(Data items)
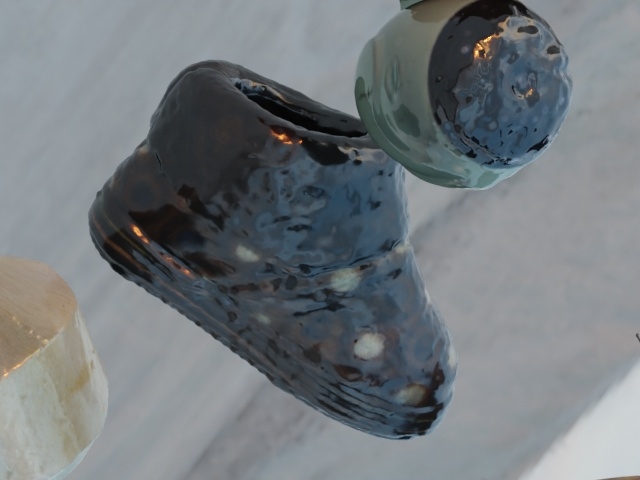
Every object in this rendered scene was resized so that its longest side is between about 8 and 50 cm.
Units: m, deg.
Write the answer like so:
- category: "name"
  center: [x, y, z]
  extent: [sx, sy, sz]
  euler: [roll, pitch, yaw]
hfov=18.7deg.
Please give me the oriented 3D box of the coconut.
- category: "coconut"
  center: [-0.289, 0.105, 1.621]
  extent: [0.202, 0.202, 0.222]
  euler: [-51, 133, -38]

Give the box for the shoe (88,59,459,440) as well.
- category: "shoe"
  center: [0.000, 0.000, 1.749]
  extent: [0.237, 0.384, 0.171]
  euler: [-52, -171, 22]

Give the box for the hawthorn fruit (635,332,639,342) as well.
- category: "hawthorn fruit"
  center: [0.375, 0.148, 2.132]
  extent: [0.067, 0.103, 0.067]
  euler: [-42, -174, 6]

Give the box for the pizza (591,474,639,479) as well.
- category: "pizza"
  center: [0.246, 0.292, 1.813]
  extent: [0.189, 0.071, 0.297]
  euler: [-6, 150, -16]

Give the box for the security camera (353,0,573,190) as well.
- category: "security camera"
  center: [0.111, -0.179, 1.536]
  extent: [0.191, 0.197, 0.277]
  euler: [5, -89, 55]
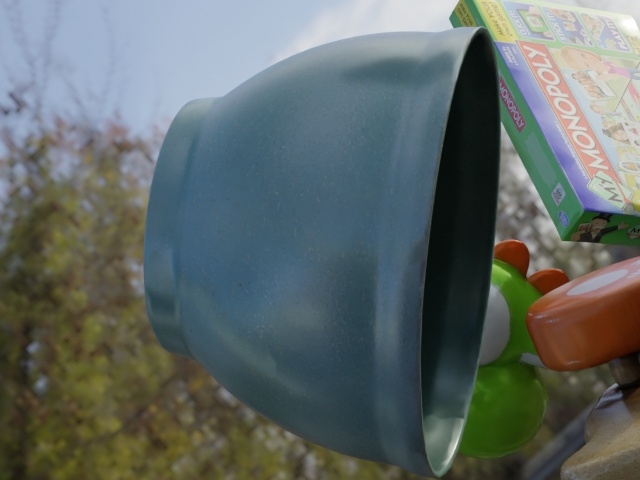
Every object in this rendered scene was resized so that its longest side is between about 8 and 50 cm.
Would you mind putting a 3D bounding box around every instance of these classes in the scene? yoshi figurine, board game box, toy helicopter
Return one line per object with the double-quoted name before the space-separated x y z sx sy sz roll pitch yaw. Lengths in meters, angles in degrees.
"yoshi figurine" 0.063 0.099 1.582 0.203 0.362 0.203 95 -170 -48
"board game box" 0.276 -0.120 1.729 0.214 0.317 0.046 5 -45 -30
"toy helicopter" 0.212 0.077 0.717 0.235 0.140 0.355 -21 6 12

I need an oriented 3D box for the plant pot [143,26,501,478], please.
"plant pot" 0.000 0.000 1.147 0.293 0.196 0.293 5 -90 -77
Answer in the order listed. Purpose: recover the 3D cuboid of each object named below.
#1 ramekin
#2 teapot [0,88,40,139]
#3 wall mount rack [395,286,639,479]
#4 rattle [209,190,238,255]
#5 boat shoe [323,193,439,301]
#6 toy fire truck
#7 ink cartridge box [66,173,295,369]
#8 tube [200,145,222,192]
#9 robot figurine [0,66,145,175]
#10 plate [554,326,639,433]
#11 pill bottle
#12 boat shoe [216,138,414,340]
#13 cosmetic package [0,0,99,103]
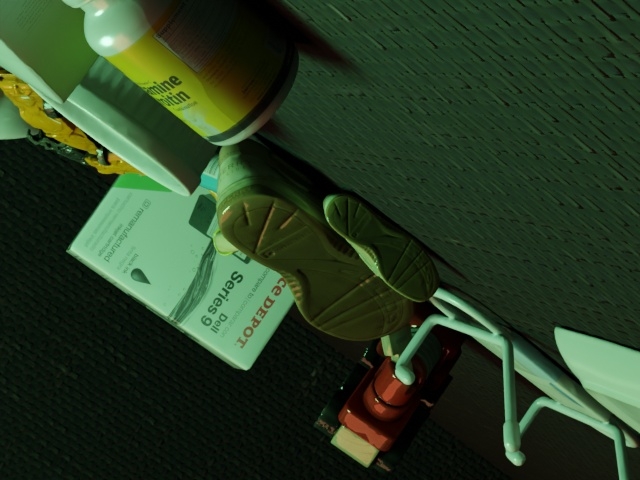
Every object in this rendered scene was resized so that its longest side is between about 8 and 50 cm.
[{"bbox_3d":[-0.185,-0.147,1.808,0.207,0.109,0.207,34,173,5],"label":"ramekin"},{"bbox_3d":[-0.428,-0.233,2.151,0.256,0.187,0.252,15,-164,21],"label":"teapot"},{"bbox_3d":[0.245,0.202,2.060,0.350,0.130,0.304,37,173,-25],"label":"wall mount rack"},{"bbox_3d":[-0.056,-0.054,2.188,0.130,0.143,0.199,2,174,-29],"label":"rattle"},{"bbox_3d":[0.064,0.005,1.900,0.153,0.056,0.048,38,-177,-13],"label":"boat shoe"},{"bbox_3d":[0.102,0.135,2.248,0.158,0.217,0.246,35,132,5],"label":"toy fire truck"},{"bbox_3d":[-0.161,0.010,2.391,0.289,0.211,0.121,35,172,-8],"label":"ink cartridge box"},{"bbox_3d":[-0.162,-0.104,2.204,0.207,0.080,0.052,25,141,43],"label":"tube"},{"bbox_3d":[-0.248,-0.150,2.061,0.211,0.085,0.291,5,164,16],"label":"robot figurine"},{"bbox_3d":[0.370,0.190,1.716,0.278,0.045,0.277,36,173,-17],"label":"plate"},{"bbox_3d":[-0.111,-0.161,1.342,0.184,0.103,0.103,38,173,-28],"label":"pill bottle"},{"bbox_3d":[0.000,0.000,2.015,0.341,0.121,0.110,46,-155,-46],"label":"boat shoe"},{"bbox_3d":[-0.292,-0.252,1.464,0.224,0.138,0.225,33,175,18],"label":"cosmetic package"}]
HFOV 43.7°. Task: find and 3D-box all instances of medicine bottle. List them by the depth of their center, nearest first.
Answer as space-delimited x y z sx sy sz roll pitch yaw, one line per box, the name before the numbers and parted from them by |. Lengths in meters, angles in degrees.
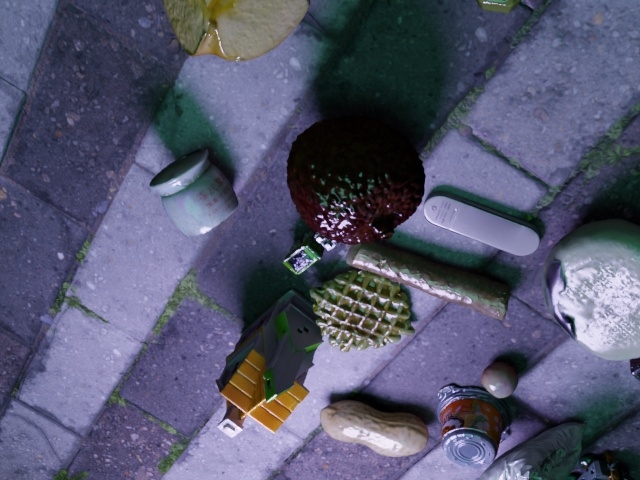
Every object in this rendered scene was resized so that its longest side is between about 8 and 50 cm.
medicine bottle | -0.263 -0.101 1.662 0.147 0.147 0.143 -18 115 27

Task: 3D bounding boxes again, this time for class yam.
yam | 0.228 0.075 1.684 0.356 0.081 0.081 20 127 1

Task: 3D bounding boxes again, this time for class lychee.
lychee | 0.064 -0.115 1.501 0.260 0.261 0.261 8 126 11

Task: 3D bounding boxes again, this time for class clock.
clock | -0.118 0.300 1.799 0.166 0.310 0.235 40 126 -11

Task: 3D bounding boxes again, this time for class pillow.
pillow | 0.465 0.539 1.818 0.138 0.310 0.283 49 124 18

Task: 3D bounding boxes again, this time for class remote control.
remote control | 0.325 -0.034 1.612 0.244 0.022 0.077 20 125 3

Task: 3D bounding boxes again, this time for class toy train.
toy train | 0.000 0.000 1.695 0.060 0.081 0.202 42 125 -13
toy train | 0.671 0.600 1.915 0.136 0.091 0.228 17 127 -9

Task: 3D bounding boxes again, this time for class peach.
peach | 0.405 0.314 1.798 0.083 0.083 0.083 8 126 11

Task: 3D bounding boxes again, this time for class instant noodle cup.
instant noodle cup | 0.354 0.453 1.879 0.208 0.126 0.178 29 128 -4

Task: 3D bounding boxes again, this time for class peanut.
peanut | 0.130 0.464 1.971 0.274 0.111 0.125 14 142 11

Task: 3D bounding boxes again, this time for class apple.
apple | -0.157 -0.466 1.317 0.313 0.252 0.309 9 142 6

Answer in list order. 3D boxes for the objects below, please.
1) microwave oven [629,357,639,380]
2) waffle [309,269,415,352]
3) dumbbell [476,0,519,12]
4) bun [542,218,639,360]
microwave oven | 0.745 0.199 1.545 0.178 0.188 0.247 34 126 -9
waffle | 0.093 0.158 1.780 0.214 0.054 0.208 -19 117 9
dumbbell | 0.186 -0.449 1.308 0.301 0.108 0.121 10 127 10
bun | 0.575 0.078 1.532 0.283 0.179 0.283 19 125 29
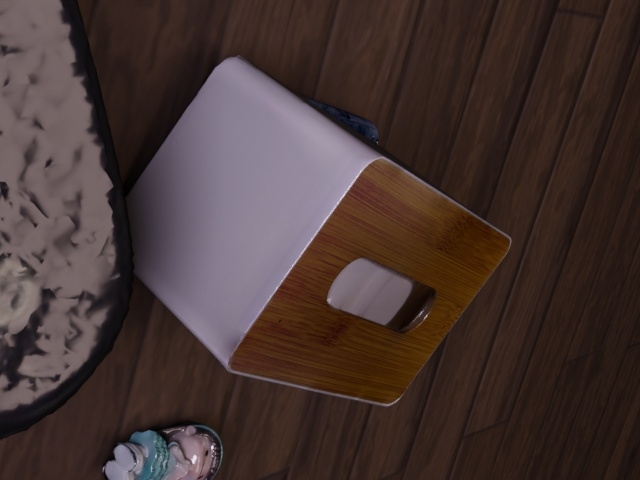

• PROBLEM DETAILS:
Transcribe each entry exactly; images stay out.

• SOLUTION FOR THIS PROBLEM:
Every object in this rendered scene was resized so that its longest side is between about 8 and 50 cm.
Units: m, deg.
Write the answer like so:
- category: "name"
  center: [x, y, z]
  extent: [sx, sy, sz]
  euler: [roll, pitch, yaw]
hfov=18.7deg.
Please give me the oriented 3D box of the coconut.
- category: "coconut"
  center: [-0.289, 0.105, 1.621]
  extent: [0.202, 0.202, 0.222]
  euler: [-51, 133, -38]

Give the box for the shoe (88,59,459,440) as well.
- category: "shoe"
  center: [0.000, 0.000, 1.749]
  extent: [0.237, 0.384, 0.171]
  euler: [-52, -171, 22]

Give the box for the hawthorn fruit (635,332,639,342) as well.
- category: "hawthorn fruit"
  center: [0.375, 0.148, 2.132]
  extent: [0.067, 0.103, 0.067]
  euler: [-42, -174, 6]

Give the box for the pizza (591,474,639,479) as well.
- category: "pizza"
  center: [0.246, 0.292, 1.813]
  extent: [0.189, 0.071, 0.297]
  euler: [-6, 150, -16]

Give the box for the security camera (353,0,573,190) as well.
- category: "security camera"
  center: [0.111, -0.179, 1.536]
  extent: [0.191, 0.197, 0.277]
  euler: [5, -89, 55]
Every object in this rendered scene was resized so that its longest side is between about 8 and 50 cm.
Would you mind putting a 3D bounding box around every instance of these classes in the scene? yoshi figurine, board game box, toy helicopter
Return one line per object with the double-quoted name before the space-separated x y z sx sy sz roll pitch yaw. Lengths in meters, angles in degrees.
"yoshi figurine" 0.063 0.099 1.582 0.203 0.362 0.203 95 -170 -48
"board game box" 0.276 -0.120 1.729 0.214 0.317 0.046 5 -45 -30
"toy helicopter" 0.212 0.077 0.717 0.235 0.140 0.355 -21 6 12

I need an oriented 3D box for the plant pot [143,26,501,478], please.
"plant pot" 0.000 0.000 1.147 0.293 0.196 0.293 5 -90 -77
Answer in the order listed. Purpose: recover the 3D cuboid of each object named below.
#1 ramekin
#2 teapot [0,88,40,139]
#3 wall mount rack [395,286,639,479]
#4 rattle [209,190,238,255]
#5 boat shoe [323,193,439,301]
#6 toy fire truck
#7 ink cartridge box [66,173,295,369]
#8 tube [200,145,222,192]
#9 robot figurine [0,66,145,175]
#10 plate [554,326,639,433]
#11 pill bottle
#12 boat shoe [216,138,414,340]
#13 cosmetic package [0,0,99,103]
Every object in this rendered scene was resized so that its longest side is between about 8 and 50 cm.
[{"bbox_3d":[-0.185,-0.147,1.808,0.207,0.109,0.207,34,173,5],"label":"ramekin"},{"bbox_3d":[-0.428,-0.233,2.151,0.256,0.187,0.252,15,-164,21],"label":"teapot"},{"bbox_3d":[0.245,0.202,2.060,0.350,0.130,0.304,37,173,-25],"label":"wall mount rack"},{"bbox_3d":[-0.056,-0.054,2.188,0.130,0.143,0.199,2,174,-29],"label":"rattle"},{"bbox_3d":[0.064,0.005,1.900,0.153,0.056,0.048,38,-177,-13],"label":"boat shoe"},{"bbox_3d":[0.102,0.135,2.248,0.158,0.217,0.246,35,132,5],"label":"toy fire truck"},{"bbox_3d":[-0.161,0.010,2.391,0.289,0.211,0.121,35,172,-8],"label":"ink cartridge box"},{"bbox_3d":[-0.162,-0.104,2.204,0.207,0.080,0.052,25,141,43],"label":"tube"},{"bbox_3d":[-0.248,-0.150,2.061,0.211,0.085,0.291,5,164,16],"label":"robot figurine"},{"bbox_3d":[0.370,0.190,1.716,0.278,0.045,0.277,36,173,-17],"label":"plate"},{"bbox_3d":[-0.111,-0.161,1.342,0.184,0.103,0.103,38,173,-28],"label":"pill bottle"},{"bbox_3d":[0.000,0.000,2.015,0.341,0.121,0.110,46,-155,-46],"label":"boat shoe"},{"bbox_3d":[-0.292,-0.252,1.464,0.224,0.138,0.225,33,175,18],"label":"cosmetic package"}]
HFOV 43.7°. Task: find and 3D-box all instances of medicine bottle. List them by the depth of their center, nearest first.
Answer as space-delimited x y z sx sy sz roll pitch yaw, one line per box, the name before the numbers and parted from them by |. Lengths in meters, angles in degrees.
Every object in this rendered scene was resized so that its longest side is between about 8 and 50 cm.
medicine bottle | -0.263 -0.101 1.662 0.147 0.147 0.143 -18 115 27

Task: 3D bounding boxes again, this time for class yam.
yam | 0.228 0.075 1.684 0.356 0.081 0.081 20 127 1

Task: 3D bounding boxes again, this time for class lychee.
lychee | 0.064 -0.115 1.501 0.260 0.261 0.261 8 126 11

Task: 3D bounding boxes again, this time for class clock.
clock | -0.118 0.300 1.799 0.166 0.310 0.235 40 126 -11

Task: 3D bounding boxes again, this time for class pillow.
pillow | 0.465 0.539 1.818 0.138 0.310 0.283 49 124 18

Task: 3D bounding boxes again, this time for class remote control.
remote control | 0.325 -0.034 1.612 0.244 0.022 0.077 20 125 3

Task: 3D bounding boxes again, this time for class toy train.
toy train | 0.000 0.000 1.695 0.060 0.081 0.202 42 125 -13
toy train | 0.671 0.600 1.915 0.136 0.091 0.228 17 127 -9

Task: 3D bounding boxes again, this time for class peach.
peach | 0.405 0.314 1.798 0.083 0.083 0.083 8 126 11

Task: 3D bounding boxes again, this time for class instant noodle cup.
instant noodle cup | 0.354 0.453 1.879 0.208 0.126 0.178 29 128 -4

Task: 3D bounding boxes again, this time for class peanut.
peanut | 0.130 0.464 1.971 0.274 0.111 0.125 14 142 11

Task: 3D bounding boxes again, this time for class apple.
apple | -0.157 -0.466 1.317 0.313 0.252 0.309 9 142 6

Answer in list order. 3D boxes for the objects below, please.
1) microwave oven [629,357,639,380]
2) waffle [309,269,415,352]
3) dumbbell [476,0,519,12]
4) bun [542,218,639,360]
microwave oven | 0.745 0.199 1.545 0.178 0.188 0.247 34 126 -9
waffle | 0.093 0.158 1.780 0.214 0.054 0.208 -19 117 9
dumbbell | 0.186 -0.449 1.308 0.301 0.108 0.121 10 127 10
bun | 0.575 0.078 1.532 0.283 0.179 0.283 19 125 29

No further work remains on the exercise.